# PROBLEM TO SOLVE
Find the word "where" in the listing below. Copy every line that has it.

# EXERCISE DATA

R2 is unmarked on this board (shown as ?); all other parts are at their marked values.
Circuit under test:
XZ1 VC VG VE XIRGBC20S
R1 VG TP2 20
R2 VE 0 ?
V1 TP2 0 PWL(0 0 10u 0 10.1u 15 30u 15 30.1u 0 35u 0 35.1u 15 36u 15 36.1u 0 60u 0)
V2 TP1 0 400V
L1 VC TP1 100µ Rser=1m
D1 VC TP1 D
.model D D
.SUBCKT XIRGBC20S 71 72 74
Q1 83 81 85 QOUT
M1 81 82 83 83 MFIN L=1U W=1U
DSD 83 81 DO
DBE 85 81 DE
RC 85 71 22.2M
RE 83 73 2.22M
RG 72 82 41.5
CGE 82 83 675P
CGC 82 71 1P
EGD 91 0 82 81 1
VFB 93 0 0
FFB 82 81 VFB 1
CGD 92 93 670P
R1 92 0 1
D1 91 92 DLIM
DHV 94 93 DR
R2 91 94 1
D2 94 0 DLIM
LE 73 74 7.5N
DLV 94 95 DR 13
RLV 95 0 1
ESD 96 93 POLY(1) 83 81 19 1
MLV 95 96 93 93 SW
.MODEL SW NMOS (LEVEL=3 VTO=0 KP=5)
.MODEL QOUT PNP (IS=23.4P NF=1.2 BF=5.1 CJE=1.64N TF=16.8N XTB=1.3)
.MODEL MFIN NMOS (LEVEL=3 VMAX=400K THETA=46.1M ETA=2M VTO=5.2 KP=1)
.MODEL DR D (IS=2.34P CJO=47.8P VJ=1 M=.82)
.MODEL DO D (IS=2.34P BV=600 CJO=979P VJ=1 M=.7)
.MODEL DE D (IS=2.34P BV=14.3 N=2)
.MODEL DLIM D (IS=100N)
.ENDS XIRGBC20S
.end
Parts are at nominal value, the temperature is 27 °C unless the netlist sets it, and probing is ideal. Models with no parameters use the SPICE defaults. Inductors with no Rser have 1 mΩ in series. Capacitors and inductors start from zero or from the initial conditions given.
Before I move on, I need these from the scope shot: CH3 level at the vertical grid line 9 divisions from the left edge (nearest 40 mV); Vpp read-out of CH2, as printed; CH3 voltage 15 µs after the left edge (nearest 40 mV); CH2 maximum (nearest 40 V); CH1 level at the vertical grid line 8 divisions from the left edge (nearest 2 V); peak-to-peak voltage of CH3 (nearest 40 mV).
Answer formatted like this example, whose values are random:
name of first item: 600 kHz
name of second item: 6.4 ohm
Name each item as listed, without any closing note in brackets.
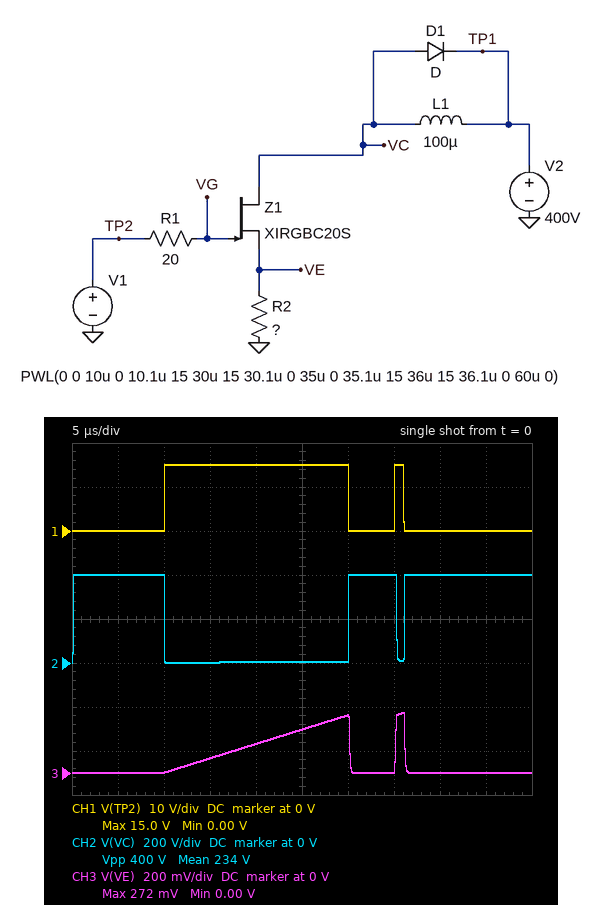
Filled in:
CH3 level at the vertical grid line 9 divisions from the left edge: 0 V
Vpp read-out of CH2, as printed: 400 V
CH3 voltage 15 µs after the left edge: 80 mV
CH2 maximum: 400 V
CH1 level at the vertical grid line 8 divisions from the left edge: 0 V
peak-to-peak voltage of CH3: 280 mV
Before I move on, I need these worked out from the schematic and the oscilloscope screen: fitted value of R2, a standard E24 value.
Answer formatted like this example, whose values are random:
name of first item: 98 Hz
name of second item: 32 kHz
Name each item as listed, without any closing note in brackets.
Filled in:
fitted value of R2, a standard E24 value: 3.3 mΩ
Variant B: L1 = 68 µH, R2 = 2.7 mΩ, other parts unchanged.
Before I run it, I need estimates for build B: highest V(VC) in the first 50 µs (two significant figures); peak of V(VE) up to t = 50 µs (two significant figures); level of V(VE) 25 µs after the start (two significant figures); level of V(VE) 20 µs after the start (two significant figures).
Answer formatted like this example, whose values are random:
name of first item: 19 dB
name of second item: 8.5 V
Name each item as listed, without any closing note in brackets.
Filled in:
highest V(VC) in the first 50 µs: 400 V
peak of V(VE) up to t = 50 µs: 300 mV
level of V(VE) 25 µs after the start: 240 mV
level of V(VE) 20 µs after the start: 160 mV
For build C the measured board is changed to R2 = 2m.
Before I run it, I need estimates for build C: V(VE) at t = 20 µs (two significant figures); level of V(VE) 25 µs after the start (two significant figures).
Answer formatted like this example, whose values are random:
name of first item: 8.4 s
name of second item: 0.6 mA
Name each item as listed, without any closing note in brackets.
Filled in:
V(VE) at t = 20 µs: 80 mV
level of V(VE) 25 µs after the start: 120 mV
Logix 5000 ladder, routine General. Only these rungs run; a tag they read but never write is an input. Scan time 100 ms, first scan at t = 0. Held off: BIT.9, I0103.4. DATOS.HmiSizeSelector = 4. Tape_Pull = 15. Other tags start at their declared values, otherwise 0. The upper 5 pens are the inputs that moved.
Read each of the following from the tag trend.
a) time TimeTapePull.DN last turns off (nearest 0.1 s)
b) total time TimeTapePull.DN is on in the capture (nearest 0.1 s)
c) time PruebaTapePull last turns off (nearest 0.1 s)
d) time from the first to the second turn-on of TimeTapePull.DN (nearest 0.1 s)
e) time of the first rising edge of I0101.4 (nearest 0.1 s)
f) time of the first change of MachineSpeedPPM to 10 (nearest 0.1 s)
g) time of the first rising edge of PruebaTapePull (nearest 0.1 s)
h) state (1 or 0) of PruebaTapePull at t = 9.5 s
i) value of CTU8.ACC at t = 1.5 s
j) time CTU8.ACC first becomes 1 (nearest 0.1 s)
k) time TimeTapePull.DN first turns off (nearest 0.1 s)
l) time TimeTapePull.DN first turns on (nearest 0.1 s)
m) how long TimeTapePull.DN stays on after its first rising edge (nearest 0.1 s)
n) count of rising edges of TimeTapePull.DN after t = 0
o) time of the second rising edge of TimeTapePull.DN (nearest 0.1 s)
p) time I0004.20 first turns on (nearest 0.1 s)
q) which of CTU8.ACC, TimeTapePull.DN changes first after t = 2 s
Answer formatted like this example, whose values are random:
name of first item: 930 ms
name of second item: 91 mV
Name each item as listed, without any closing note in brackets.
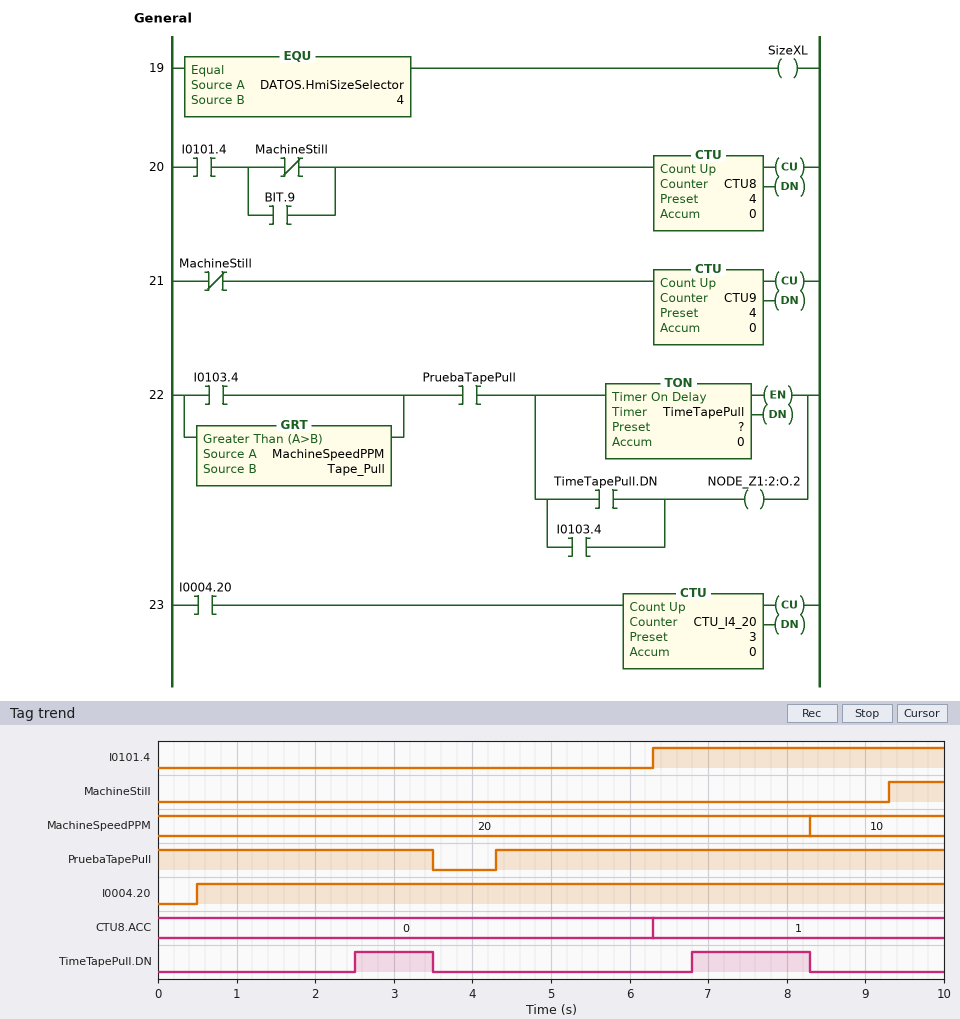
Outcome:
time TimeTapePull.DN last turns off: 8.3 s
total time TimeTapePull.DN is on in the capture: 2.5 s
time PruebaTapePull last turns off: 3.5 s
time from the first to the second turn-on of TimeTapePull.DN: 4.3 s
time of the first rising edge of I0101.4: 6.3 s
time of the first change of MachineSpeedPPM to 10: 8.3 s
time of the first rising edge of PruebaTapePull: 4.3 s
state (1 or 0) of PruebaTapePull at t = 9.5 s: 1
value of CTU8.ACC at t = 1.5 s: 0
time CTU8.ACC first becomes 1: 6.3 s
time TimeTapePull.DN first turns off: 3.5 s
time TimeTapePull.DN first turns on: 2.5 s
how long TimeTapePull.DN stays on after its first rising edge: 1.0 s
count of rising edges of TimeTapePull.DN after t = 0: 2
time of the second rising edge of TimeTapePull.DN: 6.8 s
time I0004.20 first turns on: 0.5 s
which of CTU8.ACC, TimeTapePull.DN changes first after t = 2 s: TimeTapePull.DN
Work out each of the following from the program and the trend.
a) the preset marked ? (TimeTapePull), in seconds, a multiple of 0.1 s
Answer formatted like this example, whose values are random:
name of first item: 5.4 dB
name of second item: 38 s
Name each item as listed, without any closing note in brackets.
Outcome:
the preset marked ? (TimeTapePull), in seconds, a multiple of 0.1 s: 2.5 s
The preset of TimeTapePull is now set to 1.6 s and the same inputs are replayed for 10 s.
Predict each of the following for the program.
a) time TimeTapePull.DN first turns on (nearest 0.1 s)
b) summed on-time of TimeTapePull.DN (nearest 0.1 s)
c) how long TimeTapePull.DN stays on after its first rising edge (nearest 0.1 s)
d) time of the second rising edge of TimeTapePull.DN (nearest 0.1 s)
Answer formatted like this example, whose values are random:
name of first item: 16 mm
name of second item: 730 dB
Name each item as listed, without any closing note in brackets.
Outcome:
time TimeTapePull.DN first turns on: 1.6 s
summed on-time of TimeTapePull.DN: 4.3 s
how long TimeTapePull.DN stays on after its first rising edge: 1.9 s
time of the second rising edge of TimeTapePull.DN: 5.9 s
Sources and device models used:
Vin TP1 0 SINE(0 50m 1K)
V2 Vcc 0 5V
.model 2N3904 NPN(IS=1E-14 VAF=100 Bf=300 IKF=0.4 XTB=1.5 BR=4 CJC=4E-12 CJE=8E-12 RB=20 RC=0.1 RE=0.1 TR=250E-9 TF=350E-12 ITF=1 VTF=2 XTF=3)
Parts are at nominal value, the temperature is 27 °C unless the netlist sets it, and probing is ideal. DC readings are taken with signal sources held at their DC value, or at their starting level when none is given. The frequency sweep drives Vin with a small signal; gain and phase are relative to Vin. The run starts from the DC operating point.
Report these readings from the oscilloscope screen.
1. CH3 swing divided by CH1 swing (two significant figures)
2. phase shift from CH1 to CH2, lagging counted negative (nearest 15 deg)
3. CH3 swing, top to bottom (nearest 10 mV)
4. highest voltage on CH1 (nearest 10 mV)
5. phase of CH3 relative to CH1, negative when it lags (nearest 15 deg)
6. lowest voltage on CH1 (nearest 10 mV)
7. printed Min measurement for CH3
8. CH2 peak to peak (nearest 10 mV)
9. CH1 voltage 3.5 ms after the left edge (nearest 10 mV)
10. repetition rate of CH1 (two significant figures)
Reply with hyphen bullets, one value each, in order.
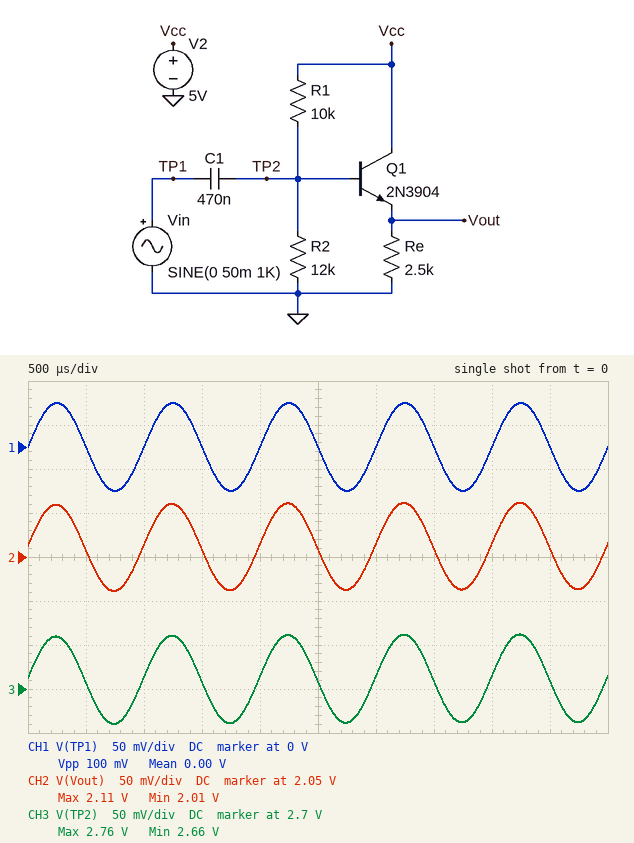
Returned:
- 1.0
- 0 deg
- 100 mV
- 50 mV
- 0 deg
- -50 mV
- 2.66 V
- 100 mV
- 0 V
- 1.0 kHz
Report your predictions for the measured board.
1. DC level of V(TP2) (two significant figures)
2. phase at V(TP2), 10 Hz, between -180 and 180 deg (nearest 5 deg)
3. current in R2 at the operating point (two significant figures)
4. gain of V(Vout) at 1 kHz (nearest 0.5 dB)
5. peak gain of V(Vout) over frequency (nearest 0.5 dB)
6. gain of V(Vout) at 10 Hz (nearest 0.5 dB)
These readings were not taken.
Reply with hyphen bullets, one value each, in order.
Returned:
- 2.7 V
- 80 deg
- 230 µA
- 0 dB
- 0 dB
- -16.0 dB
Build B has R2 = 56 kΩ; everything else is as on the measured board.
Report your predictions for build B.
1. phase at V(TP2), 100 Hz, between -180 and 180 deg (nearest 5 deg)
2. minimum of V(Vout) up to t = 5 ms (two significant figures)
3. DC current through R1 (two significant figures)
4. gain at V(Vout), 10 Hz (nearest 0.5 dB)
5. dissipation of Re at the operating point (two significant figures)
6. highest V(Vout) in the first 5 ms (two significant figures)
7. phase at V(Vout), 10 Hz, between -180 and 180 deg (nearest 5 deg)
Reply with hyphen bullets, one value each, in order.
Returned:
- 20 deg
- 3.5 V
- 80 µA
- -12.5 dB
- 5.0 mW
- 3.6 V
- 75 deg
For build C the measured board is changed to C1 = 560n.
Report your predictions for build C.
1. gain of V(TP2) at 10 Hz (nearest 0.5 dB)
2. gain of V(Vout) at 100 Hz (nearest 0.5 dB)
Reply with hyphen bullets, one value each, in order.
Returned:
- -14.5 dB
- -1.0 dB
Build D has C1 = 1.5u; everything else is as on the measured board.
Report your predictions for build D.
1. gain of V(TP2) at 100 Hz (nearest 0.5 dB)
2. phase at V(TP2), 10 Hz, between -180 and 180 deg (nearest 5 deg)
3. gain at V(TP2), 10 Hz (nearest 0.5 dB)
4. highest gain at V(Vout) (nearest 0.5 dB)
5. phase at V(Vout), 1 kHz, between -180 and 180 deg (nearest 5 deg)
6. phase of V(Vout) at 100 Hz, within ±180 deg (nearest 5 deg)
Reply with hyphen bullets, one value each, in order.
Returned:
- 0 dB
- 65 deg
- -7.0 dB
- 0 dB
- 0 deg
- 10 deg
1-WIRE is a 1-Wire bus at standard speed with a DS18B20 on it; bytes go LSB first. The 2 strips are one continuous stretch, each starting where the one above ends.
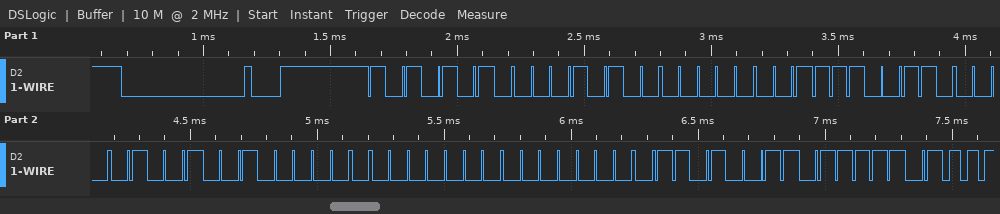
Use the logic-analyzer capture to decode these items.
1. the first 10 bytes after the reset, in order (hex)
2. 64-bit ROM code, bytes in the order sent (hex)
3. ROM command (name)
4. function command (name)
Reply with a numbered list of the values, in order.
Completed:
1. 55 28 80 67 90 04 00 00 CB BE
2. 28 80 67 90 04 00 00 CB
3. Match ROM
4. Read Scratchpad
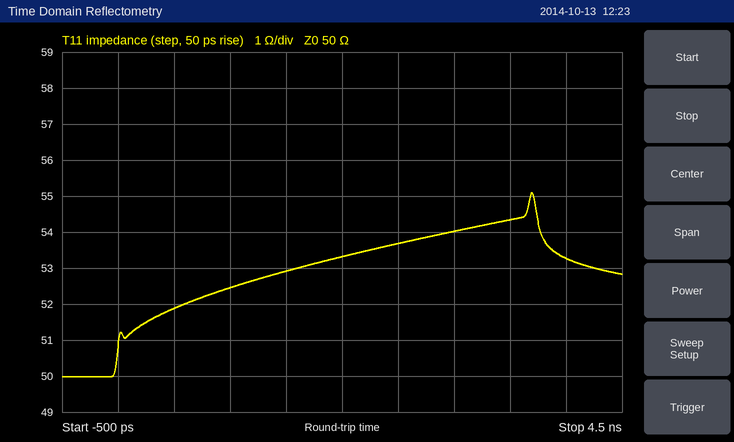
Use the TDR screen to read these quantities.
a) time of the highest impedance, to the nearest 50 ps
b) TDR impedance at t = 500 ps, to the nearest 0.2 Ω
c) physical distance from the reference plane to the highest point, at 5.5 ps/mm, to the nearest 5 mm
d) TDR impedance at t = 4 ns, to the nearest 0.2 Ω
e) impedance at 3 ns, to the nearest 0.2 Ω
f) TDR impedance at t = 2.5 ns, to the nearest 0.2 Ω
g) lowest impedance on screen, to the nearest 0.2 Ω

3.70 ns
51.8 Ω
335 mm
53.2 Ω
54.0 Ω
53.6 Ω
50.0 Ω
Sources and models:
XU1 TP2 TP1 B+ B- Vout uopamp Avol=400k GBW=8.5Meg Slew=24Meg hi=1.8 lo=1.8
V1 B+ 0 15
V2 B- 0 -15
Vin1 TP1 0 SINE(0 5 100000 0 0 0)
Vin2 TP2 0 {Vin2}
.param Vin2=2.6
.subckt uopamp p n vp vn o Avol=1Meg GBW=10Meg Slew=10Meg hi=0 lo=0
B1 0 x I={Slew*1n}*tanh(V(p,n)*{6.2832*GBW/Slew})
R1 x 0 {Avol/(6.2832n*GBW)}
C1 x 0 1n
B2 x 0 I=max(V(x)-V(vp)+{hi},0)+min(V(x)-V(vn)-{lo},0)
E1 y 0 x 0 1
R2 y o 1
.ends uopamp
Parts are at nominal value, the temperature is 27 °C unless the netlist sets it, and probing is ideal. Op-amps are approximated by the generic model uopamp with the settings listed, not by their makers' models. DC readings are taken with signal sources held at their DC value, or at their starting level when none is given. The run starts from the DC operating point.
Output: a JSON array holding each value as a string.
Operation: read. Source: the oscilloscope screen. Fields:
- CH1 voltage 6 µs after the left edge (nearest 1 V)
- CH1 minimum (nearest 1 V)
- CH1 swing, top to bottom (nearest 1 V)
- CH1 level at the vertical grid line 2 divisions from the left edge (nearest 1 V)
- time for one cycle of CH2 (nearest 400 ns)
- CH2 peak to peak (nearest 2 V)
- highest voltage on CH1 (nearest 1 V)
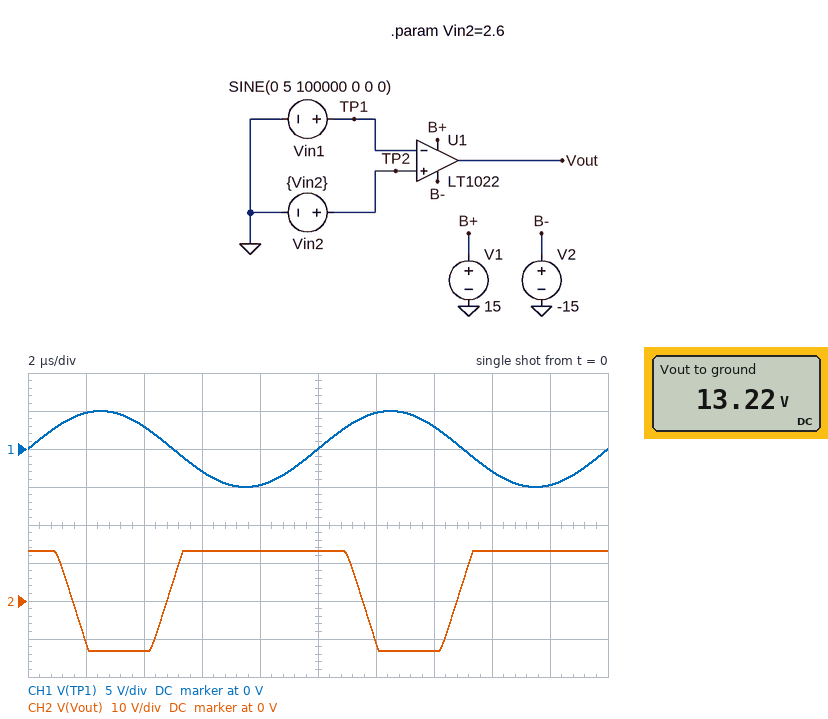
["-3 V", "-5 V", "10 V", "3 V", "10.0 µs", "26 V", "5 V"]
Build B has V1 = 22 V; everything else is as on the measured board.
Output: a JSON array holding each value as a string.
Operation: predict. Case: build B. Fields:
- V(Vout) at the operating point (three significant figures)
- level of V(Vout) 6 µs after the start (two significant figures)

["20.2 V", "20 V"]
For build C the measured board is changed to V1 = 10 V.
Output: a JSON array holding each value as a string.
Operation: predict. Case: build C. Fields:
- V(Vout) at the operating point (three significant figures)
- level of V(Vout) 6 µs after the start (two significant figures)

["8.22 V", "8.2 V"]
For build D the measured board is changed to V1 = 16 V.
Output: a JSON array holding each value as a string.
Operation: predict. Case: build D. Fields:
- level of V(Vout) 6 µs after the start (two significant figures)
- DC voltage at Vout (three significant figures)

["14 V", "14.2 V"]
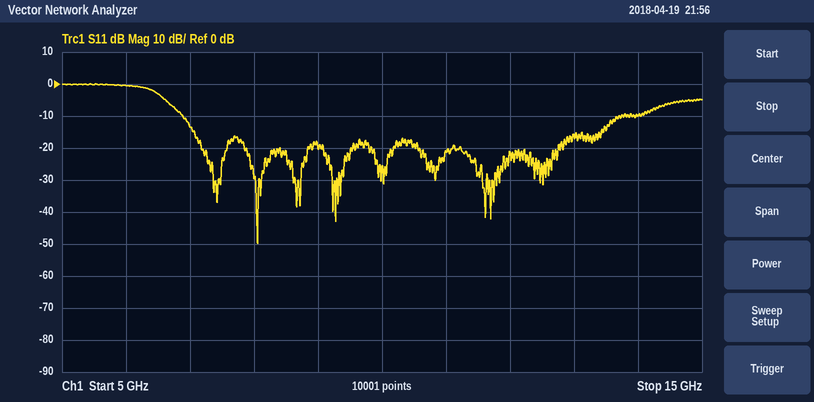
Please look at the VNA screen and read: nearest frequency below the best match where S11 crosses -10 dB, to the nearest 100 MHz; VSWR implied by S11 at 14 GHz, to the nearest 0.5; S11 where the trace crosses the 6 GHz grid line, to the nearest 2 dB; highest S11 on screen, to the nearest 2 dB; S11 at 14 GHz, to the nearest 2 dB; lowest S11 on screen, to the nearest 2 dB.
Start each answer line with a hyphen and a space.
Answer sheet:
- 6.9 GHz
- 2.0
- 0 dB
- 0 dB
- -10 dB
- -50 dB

# YOUR SOLUTION
1-WIRE is a 1-Wire bus at standard speed with a DS18B20 on it; bytes go LSB first. The 2 strips are one continuous stretch, each starting where the one above ends.
Please look at the VNA screen and read: nearest frequency below the best match where S11 crosses -10 dB, to the nearest 100 MHz; VSWR implied by S11 at 14 GHz, to the nearest 0.5; S11 where the trace crosses the 6 GHz grid line, to the nearest 2 dB; highest S11 on screen, to the nearest 2 dB; S11 at 14 GHz, to the nearest 2 dB; lowest S11 on screen, to the nearest 2 dB.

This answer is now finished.